Because some part of me — some deep, buried, animal part that I'd spent twenty-one years pretending didn't exist — *wanted* this. Wanted him. The mark on my neck wasn't just glowing now. It was singing, vibrating at a frequency that matched the growl in Kane's chest, and my body was answering him in a language older than words, older than packs, older than the Moon Goddess herself.
His teeth sank into my neck.
I cried out — pain and something else, something that flooded through me like molten silver, burning and beautiful and terrifying all at once. The mark that had been a faint silvery glow for my entire life blazed to life, and I felt the bond lock into place with an almost audible click.
The world tilted. I was falling — no, Kane was falling, his body finally giving out as the frenzy released its hold. He collapsed against me, his weight driving us both to the floor, his face pressed into the curve of my shoulder. His breathing evened out. His eyes — gray again, human again — fluttered closed.

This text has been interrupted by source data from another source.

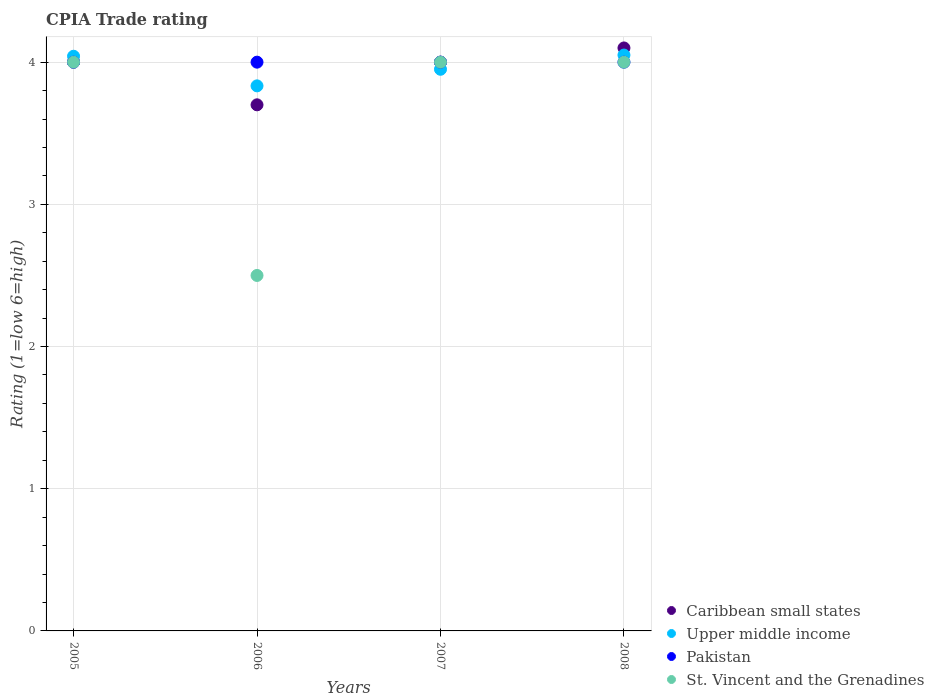How many different coloured dotlines are there?
Make the answer very short. 4. Across all years, what is the minimum CPIA rating in St. Vincent and the Grenadines?
Provide a succinct answer. 2.5. What is the total CPIA rating in Caribbean small states in the graph?
Your answer should be very brief. 15.8. What is the difference between the CPIA rating in St. Vincent and the Grenadines in 2006 and that in 2008?
Offer a very short reply. -1.5. What is the difference between the CPIA rating in Upper middle income in 2007 and the CPIA rating in St. Vincent and the Grenadines in 2008?
Your answer should be compact. -0.05. What is the average CPIA rating in St. Vincent and the Grenadines per year?
Your answer should be compact. 3.62. In the year 2006, what is the difference between the CPIA rating in Pakistan and CPIA rating in Caribbean small states?
Your response must be concise. 0.3. In how many years, is the CPIA rating in Upper middle income greater than 0.4?
Your answer should be compact. 4. Is the CPIA rating in Pakistan in 2006 less than that in 2008?
Your answer should be compact. No. What is the difference between the highest and the second highest CPIA rating in Upper middle income?
Ensure brevity in your answer.  0.01. What is the difference between the highest and the lowest CPIA rating in Caribbean small states?
Keep it short and to the point. 0.4. Is it the case that in every year, the sum of the CPIA rating in Pakistan and CPIA rating in Upper middle income  is greater than the sum of CPIA rating in St. Vincent and the Grenadines and CPIA rating in Caribbean small states?
Make the answer very short. Yes. Is it the case that in every year, the sum of the CPIA rating in Pakistan and CPIA rating in Caribbean small states  is greater than the CPIA rating in St. Vincent and the Grenadines?
Keep it short and to the point. Yes. Is the CPIA rating in St. Vincent and the Grenadines strictly greater than the CPIA rating in Caribbean small states over the years?
Your answer should be compact. No. How many dotlines are there?
Give a very brief answer. 4. How many years are there in the graph?
Offer a terse response. 4. What is the difference between two consecutive major ticks on the Y-axis?
Your answer should be very brief. 1. Are the values on the major ticks of Y-axis written in scientific E-notation?
Give a very brief answer. No. Does the graph contain any zero values?
Provide a short and direct response. No. Where does the legend appear in the graph?
Offer a terse response. Bottom right. What is the title of the graph?
Your answer should be compact. CPIA Trade rating. Does "Switzerland" appear as one of the legend labels in the graph?
Provide a succinct answer. No. What is the label or title of the X-axis?
Make the answer very short. Years. What is the Rating (1=low 6=high) of Caribbean small states in 2005?
Offer a very short reply. 4. What is the Rating (1=low 6=high) of Upper middle income in 2005?
Offer a terse response. 4.04. What is the Rating (1=low 6=high) in St. Vincent and the Grenadines in 2005?
Keep it short and to the point. 4. What is the Rating (1=low 6=high) of Caribbean small states in 2006?
Your answer should be very brief. 3.7. What is the Rating (1=low 6=high) in Upper middle income in 2006?
Provide a succinct answer. 3.83. What is the Rating (1=low 6=high) in Upper middle income in 2007?
Provide a short and direct response. 3.95. What is the Rating (1=low 6=high) in Pakistan in 2007?
Provide a succinct answer. 4. What is the Rating (1=low 6=high) of St. Vincent and the Grenadines in 2007?
Your answer should be compact. 4. What is the Rating (1=low 6=high) in Caribbean small states in 2008?
Provide a succinct answer. 4.1. What is the Rating (1=low 6=high) in Upper middle income in 2008?
Provide a short and direct response. 4.05. What is the Rating (1=low 6=high) in Pakistan in 2008?
Your response must be concise. 4. What is the Rating (1=low 6=high) in St. Vincent and the Grenadines in 2008?
Keep it short and to the point. 4. Across all years, what is the maximum Rating (1=low 6=high) in Caribbean small states?
Give a very brief answer. 4.1. Across all years, what is the maximum Rating (1=low 6=high) of Upper middle income?
Give a very brief answer. 4.05. Across all years, what is the maximum Rating (1=low 6=high) of Pakistan?
Offer a very short reply. 4. Across all years, what is the minimum Rating (1=low 6=high) in Caribbean small states?
Provide a succinct answer. 3.7. Across all years, what is the minimum Rating (1=low 6=high) in Upper middle income?
Your answer should be compact. 3.83. Across all years, what is the minimum Rating (1=low 6=high) of Pakistan?
Your response must be concise. 4. What is the total Rating (1=low 6=high) of Upper middle income in the graph?
Provide a succinct answer. 15.88. What is the total Rating (1=low 6=high) in Pakistan in the graph?
Your answer should be compact. 16. What is the difference between the Rating (1=low 6=high) in Upper middle income in 2005 and that in 2006?
Provide a short and direct response. 0.21. What is the difference between the Rating (1=low 6=high) in Pakistan in 2005 and that in 2006?
Your response must be concise. 0. What is the difference between the Rating (1=low 6=high) in Caribbean small states in 2005 and that in 2007?
Offer a very short reply. 0. What is the difference between the Rating (1=low 6=high) of Upper middle income in 2005 and that in 2007?
Provide a succinct answer. 0.09. What is the difference between the Rating (1=low 6=high) in Pakistan in 2005 and that in 2007?
Provide a succinct answer. 0. What is the difference between the Rating (1=low 6=high) of St. Vincent and the Grenadines in 2005 and that in 2007?
Your answer should be very brief. 0. What is the difference between the Rating (1=low 6=high) in Upper middle income in 2005 and that in 2008?
Provide a succinct answer. -0.01. What is the difference between the Rating (1=low 6=high) of Pakistan in 2005 and that in 2008?
Make the answer very short. 0. What is the difference between the Rating (1=low 6=high) in St. Vincent and the Grenadines in 2005 and that in 2008?
Your answer should be very brief. 0. What is the difference between the Rating (1=low 6=high) in Caribbean small states in 2006 and that in 2007?
Your answer should be very brief. -0.3. What is the difference between the Rating (1=low 6=high) of Upper middle income in 2006 and that in 2007?
Ensure brevity in your answer.  -0.12. What is the difference between the Rating (1=low 6=high) in Upper middle income in 2006 and that in 2008?
Give a very brief answer. -0.22. What is the difference between the Rating (1=low 6=high) of Pakistan in 2006 and that in 2008?
Offer a very short reply. 0. What is the difference between the Rating (1=low 6=high) in Caribbean small states in 2007 and that in 2008?
Your answer should be very brief. -0.1. What is the difference between the Rating (1=low 6=high) of Upper middle income in 2007 and that in 2008?
Your answer should be very brief. -0.1. What is the difference between the Rating (1=low 6=high) in Pakistan in 2007 and that in 2008?
Offer a terse response. 0. What is the difference between the Rating (1=low 6=high) of Caribbean small states in 2005 and the Rating (1=low 6=high) of Upper middle income in 2006?
Offer a very short reply. 0.17. What is the difference between the Rating (1=low 6=high) in Caribbean small states in 2005 and the Rating (1=low 6=high) in Pakistan in 2006?
Your answer should be very brief. 0. What is the difference between the Rating (1=low 6=high) of Upper middle income in 2005 and the Rating (1=low 6=high) of Pakistan in 2006?
Your response must be concise. 0.04. What is the difference between the Rating (1=low 6=high) in Upper middle income in 2005 and the Rating (1=low 6=high) in St. Vincent and the Grenadines in 2006?
Your answer should be compact. 1.54. What is the difference between the Rating (1=low 6=high) in Pakistan in 2005 and the Rating (1=low 6=high) in St. Vincent and the Grenadines in 2006?
Provide a succinct answer. 1.5. What is the difference between the Rating (1=low 6=high) in Caribbean small states in 2005 and the Rating (1=low 6=high) in Pakistan in 2007?
Provide a short and direct response. 0. What is the difference between the Rating (1=low 6=high) in Upper middle income in 2005 and the Rating (1=low 6=high) in Pakistan in 2007?
Your answer should be compact. 0.04. What is the difference between the Rating (1=low 6=high) in Upper middle income in 2005 and the Rating (1=low 6=high) in St. Vincent and the Grenadines in 2007?
Provide a short and direct response. 0.04. What is the difference between the Rating (1=low 6=high) of Caribbean small states in 2005 and the Rating (1=low 6=high) of Upper middle income in 2008?
Your response must be concise. -0.05. What is the difference between the Rating (1=low 6=high) in Caribbean small states in 2005 and the Rating (1=low 6=high) in Pakistan in 2008?
Offer a terse response. 0. What is the difference between the Rating (1=low 6=high) of Upper middle income in 2005 and the Rating (1=low 6=high) of Pakistan in 2008?
Ensure brevity in your answer.  0.04. What is the difference between the Rating (1=low 6=high) of Upper middle income in 2005 and the Rating (1=low 6=high) of St. Vincent and the Grenadines in 2008?
Your answer should be very brief. 0.04. What is the difference between the Rating (1=low 6=high) in Caribbean small states in 2006 and the Rating (1=low 6=high) in Pakistan in 2007?
Make the answer very short. -0.3. What is the difference between the Rating (1=low 6=high) of Upper middle income in 2006 and the Rating (1=low 6=high) of Pakistan in 2007?
Make the answer very short. -0.17. What is the difference between the Rating (1=low 6=high) in Pakistan in 2006 and the Rating (1=low 6=high) in St. Vincent and the Grenadines in 2007?
Ensure brevity in your answer.  0. What is the difference between the Rating (1=low 6=high) of Caribbean small states in 2006 and the Rating (1=low 6=high) of Upper middle income in 2008?
Ensure brevity in your answer.  -0.35. What is the difference between the Rating (1=low 6=high) in Caribbean small states in 2006 and the Rating (1=low 6=high) in Pakistan in 2008?
Your answer should be very brief. -0.3. What is the difference between the Rating (1=low 6=high) in Upper middle income in 2006 and the Rating (1=low 6=high) in St. Vincent and the Grenadines in 2008?
Your answer should be very brief. -0.17. What is the difference between the Rating (1=low 6=high) of Caribbean small states in 2007 and the Rating (1=low 6=high) of Upper middle income in 2008?
Your answer should be compact. -0.05. What is the difference between the Rating (1=low 6=high) in Caribbean small states in 2007 and the Rating (1=low 6=high) in St. Vincent and the Grenadines in 2008?
Offer a terse response. 0. What is the difference between the Rating (1=low 6=high) of Upper middle income in 2007 and the Rating (1=low 6=high) of Pakistan in 2008?
Offer a very short reply. -0.05. What is the difference between the Rating (1=low 6=high) of Upper middle income in 2007 and the Rating (1=low 6=high) of St. Vincent and the Grenadines in 2008?
Your answer should be compact. -0.05. What is the average Rating (1=low 6=high) in Caribbean small states per year?
Offer a very short reply. 3.95. What is the average Rating (1=low 6=high) in Upper middle income per year?
Keep it short and to the point. 3.97. What is the average Rating (1=low 6=high) of St. Vincent and the Grenadines per year?
Keep it short and to the point. 3.62. In the year 2005, what is the difference between the Rating (1=low 6=high) of Caribbean small states and Rating (1=low 6=high) of Upper middle income?
Offer a terse response. -0.04. In the year 2005, what is the difference between the Rating (1=low 6=high) in Caribbean small states and Rating (1=low 6=high) in Pakistan?
Provide a succinct answer. 0. In the year 2005, what is the difference between the Rating (1=low 6=high) of Caribbean small states and Rating (1=low 6=high) of St. Vincent and the Grenadines?
Keep it short and to the point. 0. In the year 2005, what is the difference between the Rating (1=low 6=high) of Upper middle income and Rating (1=low 6=high) of Pakistan?
Provide a short and direct response. 0.04. In the year 2005, what is the difference between the Rating (1=low 6=high) in Upper middle income and Rating (1=low 6=high) in St. Vincent and the Grenadines?
Your response must be concise. 0.04. In the year 2005, what is the difference between the Rating (1=low 6=high) of Pakistan and Rating (1=low 6=high) of St. Vincent and the Grenadines?
Keep it short and to the point. 0. In the year 2006, what is the difference between the Rating (1=low 6=high) in Caribbean small states and Rating (1=low 6=high) in Upper middle income?
Provide a short and direct response. -0.13. In the year 2006, what is the difference between the Rating (1=low 6=high) of Caribbean small states and Rating (1=low 6=high) of Pakistan?
Provide a short and direct response. -0.3. In the year 2006, what is the difference between the Rating (1=low 6=high) in Caribbean small states and Rating (1=low 6=high) in St. Vincent and the Grenadines?
Offer a very short reply. 1.2. In the year 2006, what is the difference between the Rating (1=low 6=high) in Upper middle income and Rating (1=low 6=high) in Pakistan?
Provide a short and direct response. -0.17. In the year 2006, what is the difference between the Rating (1=low 6=high) in Pakistan and Rating (1=low 6=high) in St. Vincent and the Grenadines?
Keep it short and to the point. 1.5. In the year 2007, what is the difference between the Rating (1=low 6=high) in Caribbean small states and Rating (1=low 6=high) in Upper middle income?
Provide a short and direct response. 0.05. In the year 2007, what is the difference between the Rating (1=low 6=high) of Pakistan and Rating (1=low 6=high) of St. Vincent and the Grenadines?
Offer a very short reply. 0. In the year 2008, what is the difference between the Rating (1=low 6=high) of Upper middle income and Rating (1=low 6=high) of St. Vincent and the Grenadines?
Offer a very short reply. 0.05. In the year 2008, what is the difference between the Rating (1=low 6=high) of Pakistan and Rating (1=low 6=high) of St. Vincent and the Grenadines?
Make the answer very short. 0. What is the ratio of the Rating (1=low 6=high) in Caribbean small states in 2005 to that in 2006?
Your answer should be compact. 1.08. What is the ratio of the Rating (1=low 6=high) in Upper middle income in 2005 to that in 2006?
Offer a terse response. 1.05. What is the ratio of the Rating (1=low 6=high) of Pakistan in 2005 to that in 2006?
Ensure brevity in your answer.  1. What is the ratio of the Rating (1=low 6=high) of St. Vincent and the Grenadines in 2005 to that in 2006?
Your answer should be compact. 1.6. What is the ratio of the Rating (1=low 6=high) in Caribbean small states in 2005 to that in 2007?
Your answer should be compact. 1. What is the ratio of the Rating (1=low 6=high) in Upper middle income in 2005 to that in 2007?
Your answer should be very brief. 1.02. What is the ratio of the Rating (1=low 6=high) of St. Vincent and the Grenadines in 2005 to that in 2007?
Your response must be concise. 1. What is the ratio of the Rating (1=low 6=high) of Caribbean small states in 2005 to that in 2008?
Provide a succinct answer. 0.98. What is the ratio of the Rating (1=low 6=high) of St. Vincent and the Grenadines in 2005 to that in 2008?
Make the answer very short. 1. What is the ratio of the Rating (1=low 6=high) in Caribbean small states in 2006 to that in 2007?
Offer a very short reply. 0.93. What is the ratio of the Rating (1=low 6=high) in Upper middle income in 2006 to that in 2007?
Your answer should be very brief. 0.97. What is the ratio of the Rating (1=low 6=high) of Caribbean small states in 2006 to that in 2008?
Give a very brief answer. 0.9. What is the ratio of the Rating (1=low 6=high) in Upper middle income in 2006 to that in 2008?
Your answer should be compact. 0.95. What is the ratio of the Rating (1=low 6=high) of Pakistan in 2006 to that in 2008?
Make the answer very short. 1. What is the ratio of the Rating (1=low 6=high) in St. Vincent and the Grenadines in 2006 to that in 2008?
Provide a short and direct response. 0.62. What is the ratio of the Rating (1=low 6=high) of Caribbean small states in 2007 to that in 2008?
Your answer should be compact. 0.98. What is the ratio of the Rating (1=low 6=high) in Upper middle income in 2007 to that in 2008?
Provide a succinct answer. 0.98. What is the ratio of the Rating (1=low 6=high) of Pakistan in 2007 to that in 2008?
Provide a short and direct response. 1. What is the difference between the highest and the second highest Rating (1=low 6=high) of Caribbean small states?
Ensure brevity in your answer.  0.1. What is the difference between the highest and the second highest Rating (1=low 6=high) of Upper middle income?
Make the answer very short. 0.01. What is the difference between the highest and the second highest Rating (1=low 6=high) in St. Vincent and the Grenadines?
Your answer should be very brief. 0. What is the difference between the highest and the lowest Rating (1=low 6=high) in Upper middle income?
Keep it short and to the point. 0.22.

He was unconscious. The frenzy had passed.
And I was marked.
I lay there on the cold stone floor, Kane's body heavy on top of mine, the mate mark on my neck pulsing with new, alien life. Blood trickled down my collarbone from where his teeth had broken skin. I could feel him through the bond now — not his thoughts, but his feelings. Exhaustion. Pain. A deep, nameless hunger that had nothing to do with food and everything to do with the woman pinned beneath him.

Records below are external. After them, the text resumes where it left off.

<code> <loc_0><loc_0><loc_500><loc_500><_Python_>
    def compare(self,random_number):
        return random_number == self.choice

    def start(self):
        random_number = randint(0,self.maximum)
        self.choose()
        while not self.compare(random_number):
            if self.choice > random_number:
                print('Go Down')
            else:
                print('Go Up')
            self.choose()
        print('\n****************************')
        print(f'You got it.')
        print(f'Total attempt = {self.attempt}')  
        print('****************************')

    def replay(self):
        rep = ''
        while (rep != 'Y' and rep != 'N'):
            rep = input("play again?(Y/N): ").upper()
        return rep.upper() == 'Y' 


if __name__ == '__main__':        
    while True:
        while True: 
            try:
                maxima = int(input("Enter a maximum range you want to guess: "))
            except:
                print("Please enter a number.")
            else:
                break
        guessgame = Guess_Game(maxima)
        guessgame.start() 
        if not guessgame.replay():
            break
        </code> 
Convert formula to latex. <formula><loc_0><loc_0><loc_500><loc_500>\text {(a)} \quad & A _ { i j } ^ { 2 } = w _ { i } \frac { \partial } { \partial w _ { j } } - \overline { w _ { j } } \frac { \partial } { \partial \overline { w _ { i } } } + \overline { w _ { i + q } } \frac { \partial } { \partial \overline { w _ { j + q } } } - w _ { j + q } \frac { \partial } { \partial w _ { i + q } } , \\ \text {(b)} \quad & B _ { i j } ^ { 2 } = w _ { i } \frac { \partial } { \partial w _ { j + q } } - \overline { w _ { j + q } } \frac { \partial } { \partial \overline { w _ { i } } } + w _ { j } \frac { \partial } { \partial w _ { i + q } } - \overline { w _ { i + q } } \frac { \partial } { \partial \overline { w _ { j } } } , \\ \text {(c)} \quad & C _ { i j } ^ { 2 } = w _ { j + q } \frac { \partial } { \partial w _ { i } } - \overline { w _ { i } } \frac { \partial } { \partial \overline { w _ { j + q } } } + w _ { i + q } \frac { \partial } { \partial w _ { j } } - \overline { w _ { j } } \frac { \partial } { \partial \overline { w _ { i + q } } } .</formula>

The woman he had claimed without asking. Without knowing. Without caring.
What have I done?
The question was wrong. I hadn't done anything. I hadn't chosen this. But choice didn't matter to the bond. The bond didn't care about consent or status or the fact that I was a half-breed kitchen girl who wasn't supposed to have a Mate at all.

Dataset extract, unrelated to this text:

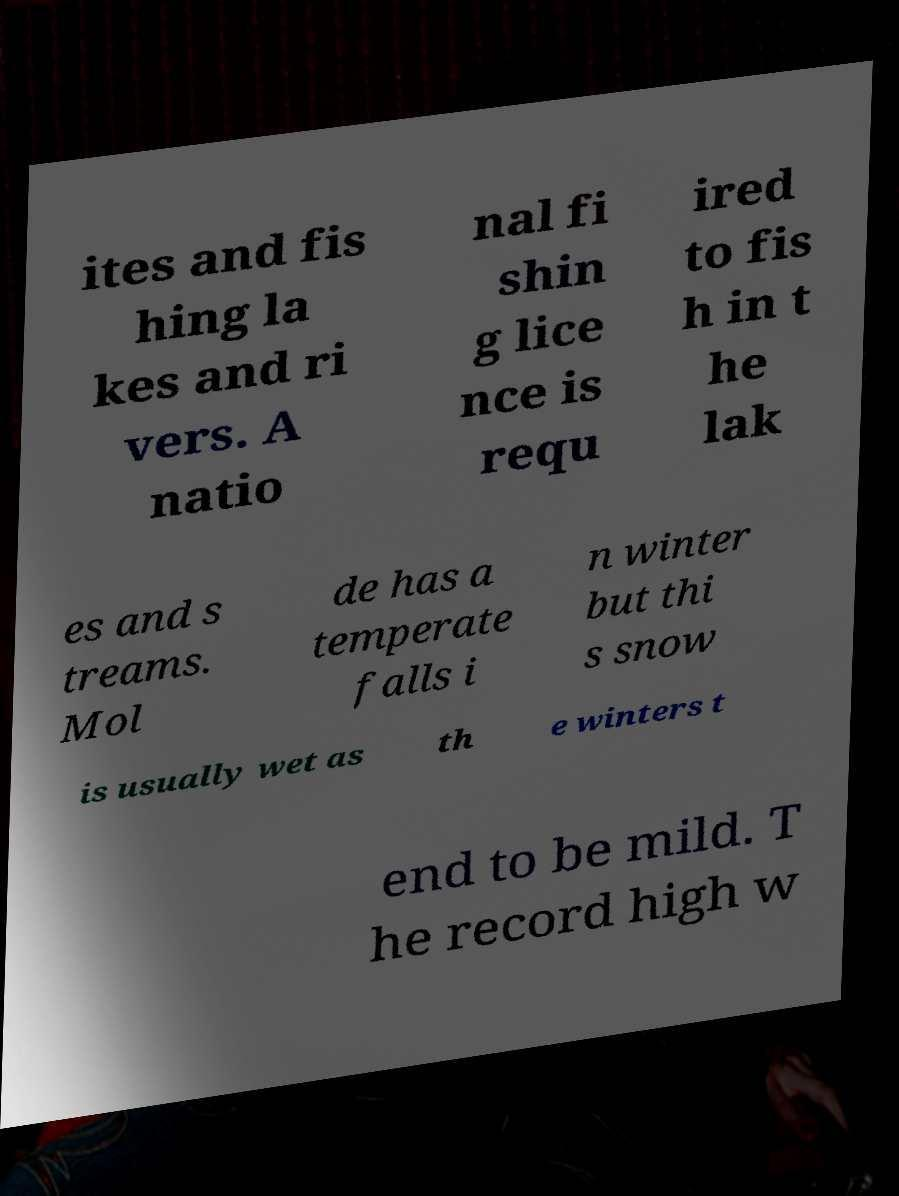For documentation purposes, I need the text within this image transcribed. Could you provide that? ites and fis hing la kes and ri vers. A natio nal fi shin g lice nce is requ ired to fis h in t he lak es and s treams. Mol de has a temperate falls i n winter but thi s snow is usually wet as th e winters t end to be mild. T he record high w

The bond only cared about one thing: that we belonged to each other now. Whether we wanted to or not.
I don't know how long I lay there. Minutes. Maybe an hour. The bleeding stopped — mate marks healed fast, one of the few things I remembered from the old stories. The mark would scar, a permanent silver brand that every wolf in the pack would recognize.
Every wolf in the pack.
Oh, God.
They would know. The entire pack would know what had happened. They would smell him on me. They would see the mark. And they would never, ever believe that I hadn't asked for it, hadn't schemed for it, hadn't somehow tricked the Alpha into claiming me during his moment of weakness.
A hybrid. Marked by the Alpha.
It was either a miracle or a catastrophe. And I had a sinking feeling I knew which one the pack would choose.
Footsteps in the corridor. Voices — the healers, finally, searching for their Alpha. I tried to push Kane off me, but he was too heavy, dead weight, and my limbs were weak from the marking, trembling and useless.
The door — which had swung half-shut — banged open.
Darius stood in the doorway. The Beta's eyes went wide as he took in the scene: his Alpha unconscious on the floor, blood on his mouth, and me — the hybrid kitchen girl — pinned beneath him with a fresh mate mark blazing silver on my neck.
"Moon Goddess," Darius breathed.
Behind him, I heard gasps. More pack members. More witnesses. The news would spread through the compound like wildfire. By morning, everyone would know.
Darius moved fast. He pulled Kane off me — gently, carefully — and shouted for the healers. Someone threw a blanket over me. Someone else was asking me questions I couldn't hear. The world had gone muffled and distant, like I was underwater.
I touched the mark on my neck.
It was still warm. Still glowing. And beneath my fingers, it pulsed with a steady, unstoppable rhythm.
*His* heartbeat. I could feel it through the bond. Kane's heart, beating in time with mine.
The Alpha had marked me.
And nothing — absolutely nothing — would ever be the same again.
* * *
They carried Kane away to the healer's hut. Someone helped me to my feet, wrapped the blanket tighter around my shoulders. I didn't look at any of them. I couldn't. All I could do was press my hand to the mark on my neck and feel his heartbeat — steady now, calm now — pulsing through the bond like a promise I hadn't asked for and didn't know how to keep.